Но ведь и война тоже могла начаться снова, и новые властители могли через несколько лет призвать его сына на поля сражений. Мысль эта неотступно терзала Теодора-Фостена, превращаясь в истинное наваждение. Днем и ночью он размышлял о том, как ему спасти сына, чтобы тот никогда не стал солдатом.
И в конце концов он решился на ужасное, но избавительное деяние.

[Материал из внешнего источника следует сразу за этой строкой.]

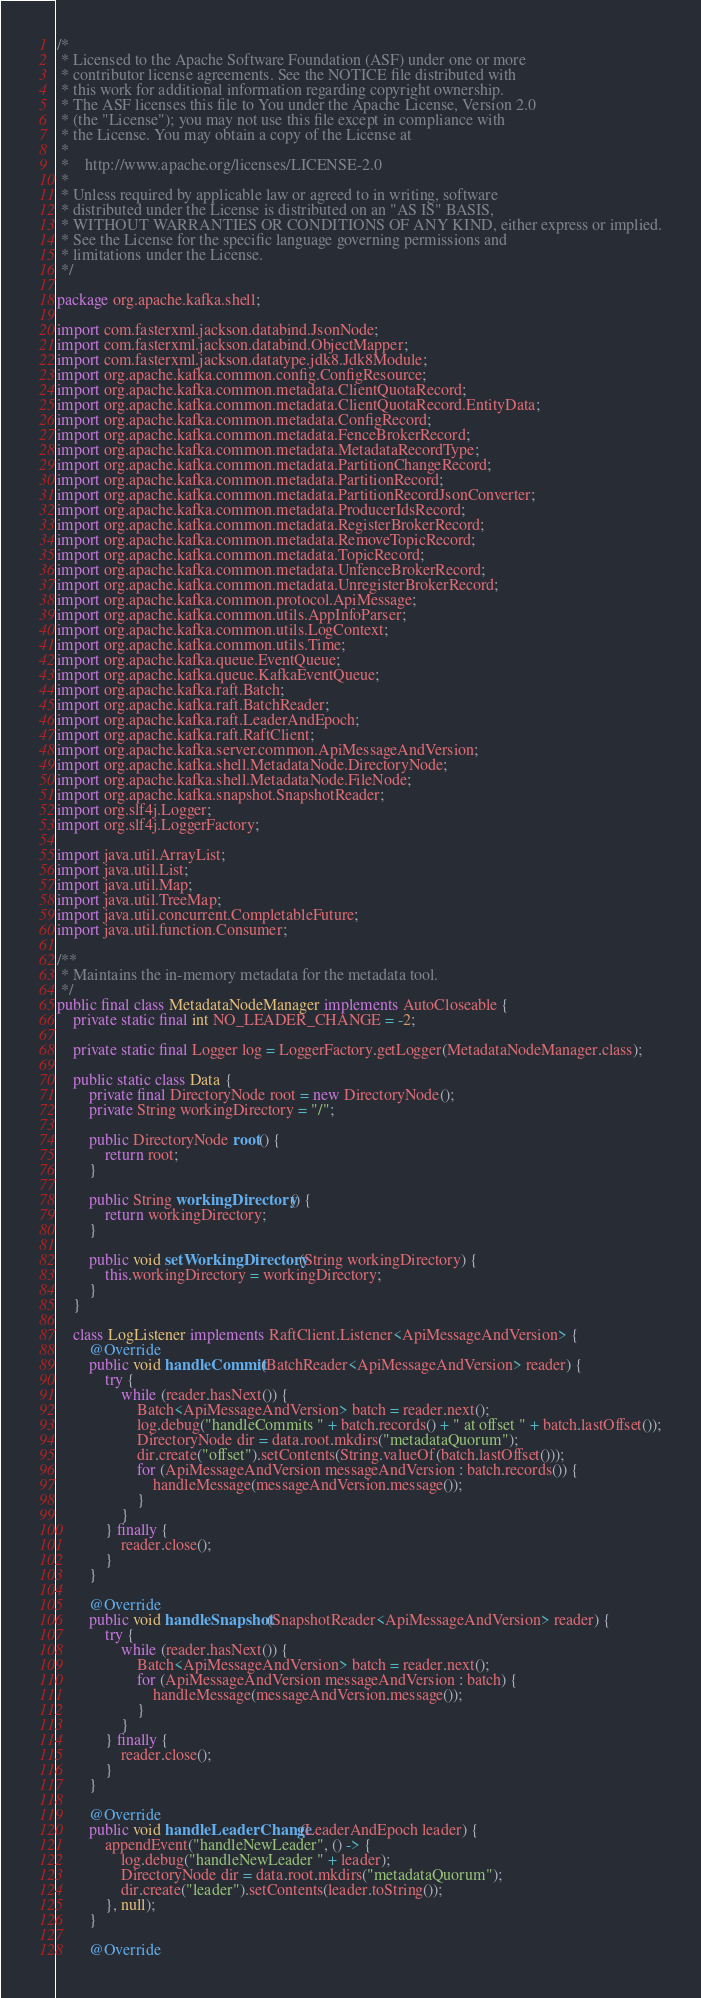<code> <loc_0><loc_0><loc_500><loc_500><_Java_>/*
 * Licensed to the Apache Software Foundation (ASF) under one or more
 * contributor license agreements. See the NOTICE file distributed with
 * this work for additional information regarding copyright ownership.
 * The ASF licenses this file to You under the Apache License, Version 2.0
 * (the "License"); you may not use this file except in compliance with
 * the License. You may obtain a copy of the License at
 *
 *    http://www.apache.org/licenses/LICENSE-2.0
 *
 * Unless required by applicable law or agreed to in writing, software
 * distributed under the License is distributed on an "AS IS" BASIS,
 * WITHOUT WARRANTIES OR CONDITIONS OF ANY KIND, either express or implied.
 * See the License for the specific language governing permissions and
 * limitations under the License.
 */

package org.apache.kafka.shell;

import com.fasterxml.jackson.databind.JsonNode;
import com.fasterxml.jackson.databind.ObjectMapper;
import com.fasterxml.jackson.datatype.jdk8.Jdk8Module;
import org.apache.kafka.common.config.ConfigResource;
import org.apache.kafka.common.metadata.ClientQuotaRecord;
import org.apache.kafka.common.metadata.ClientQuotaRecord.EntityData;
import org.apache.kafka.common.metadata.ConfigRecord;
import org.apache.kafka.common.metadata.FenceBrokerRecord;
import org.apache.kafka.common.metadata.MetadataRecordType;
import org.apache.kafka.common.metadata.PartitionChangeRecord;
import org.apache.kafka.common.metadata.PartitionRecord;
import org.apache.kafka.common.metadata.PartitionRecordJsonConverter;
import org.apache.kafka.common.metadata.ProducerIdsRecord;
import org.apache.kafka.common.metadata.RegisterBrokerRecord;
import org.apache.kafka.common.metadata.RemoveTopicRecord;
import org.apache.kafka.common.metadata.TopicRecord;
import org.apache.kafka.common.metadata.UnfenceBrokerRecord;
import org.apache.kafka.common.metadata.UnregisterBrokerRecord;
import org.apache.kafka.common.protocol.ApiMessage;
import org.apache.kafka.common.utils.AppInfoParser;
import org.apache.kafka.common.utils.LogContext;
import org.apache.kafka.common.utils.Time;
import org.apache.kafka.queue.EventQueue;
import org.apache.kafka.queue.KafkaEventQueue;
import org.apache.kafka.raft.Batch;
import org.apache.kafka.raft.BatchReader;
import org.apache.kafka.raft.LeaderAndEpoch;
import org.apache.kafka.raft.RaftClient;
import org.apache.kafka.server.common.ApiMessageAndVersion;
import org.apache.kafka.shell.MetadataNode.DirectoryNode;
import org.apache.kafka.shell.MetadataNode.FileNode;
import org.apache.kafka.snapshot.SnapshotReader;
import org.slf4j.Logger;
import org.slf4j.LoggerFactory;

import java.util.ArrayList;
import java.util.List;
import java.util.Map;
import java.util.TreeMap;
import java.util.concurrent.CompletableFuture;
import java.util.function.Consumer;

/**
 * Maintains the in-memory metadata for the metadata tool.
 */
public final class MetadataNodeManager implements AutoCloseable {
    private static final int NO_LEADER_CHANGE = -2;

    private static final Logger log = LoggerFactory.getLogger(MetadataNodeManager.class);

    public static class Data {
        private final DirectoryNode root = new DirectoryNode();
        private String workingDirectory = "/";

        public DirectoryNode root() {
            return root;
        }

        public String workingDirectory() {
            return workingDirectory;
        }

        public void setWorkingDirectory(String workingDirectory) {
            this.workingDirectory = workingDirectory;
        }
    }

    class LogListener implements RaftClient.Listener<ApiMessageAndVersion> {
        @Override
        public void handleCommit(BatchReader<ApiMessageAndVersion> reader) {
            try {
                while (reader.hasNext()) {
                    Batch<ApiMessageAndVersion> batch = reader.next();
                    log.debug("handleCommits " + batch.records() + " at offset " + batch.lastOffset());
                    DirectoryNode dir = data.root.mkdirs("metadataQuorum");
                    dir.create("offset").setContents(String.valueOf(batch.lastOffset()));
                    for (ApiMessageAndVersion messageAndVersion : batch.records()) {
                        handleMessage(messageAndVersion.message());
                    }
                }
            } finally {
                reader.close();
            }
        }

        @Override
        public void handleSnapshot(SnapshotReader<ApiMessageAndVersion> reader) {
            try {
                while (reader.hasNext()) {
                    Batch<ApiMessageAndVersion> batch = reader.next();
                    for (ApiMessageAndVersion messageAndVersion : batch) {
                        handleMessage(messageAndVersion.message());
                    }
                }
            } finally {
                reader.close();
            }
        }

        @Override
        public void handleLeaderChange(LeaderAndEpoch leader) {
            appendEvent("handleNewLeader", () -> {
                log.debug("handleNewLeader " + leader);
                DirectoryNode dir = data.root.mkdirs("metadataQuorum");
                dir.create("leader").setContents(leader.toString());
            }, null);
        }

        @Override</code>

Виктору-Фландрену как раз исполнилось пять лет. Однажды отец подозвал его, и мальчик тотчас подбежал к нему, весело подпрыгивая. Они спустились с баржи и немного прошли по слякотной тропинке, тянувшейся вдоль льняного поля с почерневшими валками. Ребенку очень нравилось гулять вот так, с отцом, и он носился вокруг него с неумолчным радостным щебетом. Дойдя до большого валуна на обочине, Теодор-Фостен остановился, присел на корточки перед сыном и, крепко сжав его ручонки, сказал: «Мой маленький, мой единственный, то, что я сейчас сделаю, покажется тебе ужасным и причинит боль. Но я это совершу для тебя, для того, чтобы спасти тебя от войны, от безумных наших правителей и жестоких уланов. Когда ты вырастешь, ты поймешь меня и, может быть, простишь». Ребенок слушал, ничего не понимая, но впервые отцовское лицо испугало его. Теодор-Фостен разжал руки и внезапно с плачем покрыл поцелуями пухлые розовые пальчики, лежавшие на его ладонях. Мальчик не осмеливался пошевельнуться и отдернуть руки, он весь сжался, стараясь в свою очередь не расплакаться. Отец резко встал на ноги, подвел Виктора-Фландрена к валуну, схватил его правую руку, загнул на ней все пальчики, кроме большого и указательного, которые прижал к камню, и, выхватив из кармана топорик, одним ударом отсек оба пальца своего сына.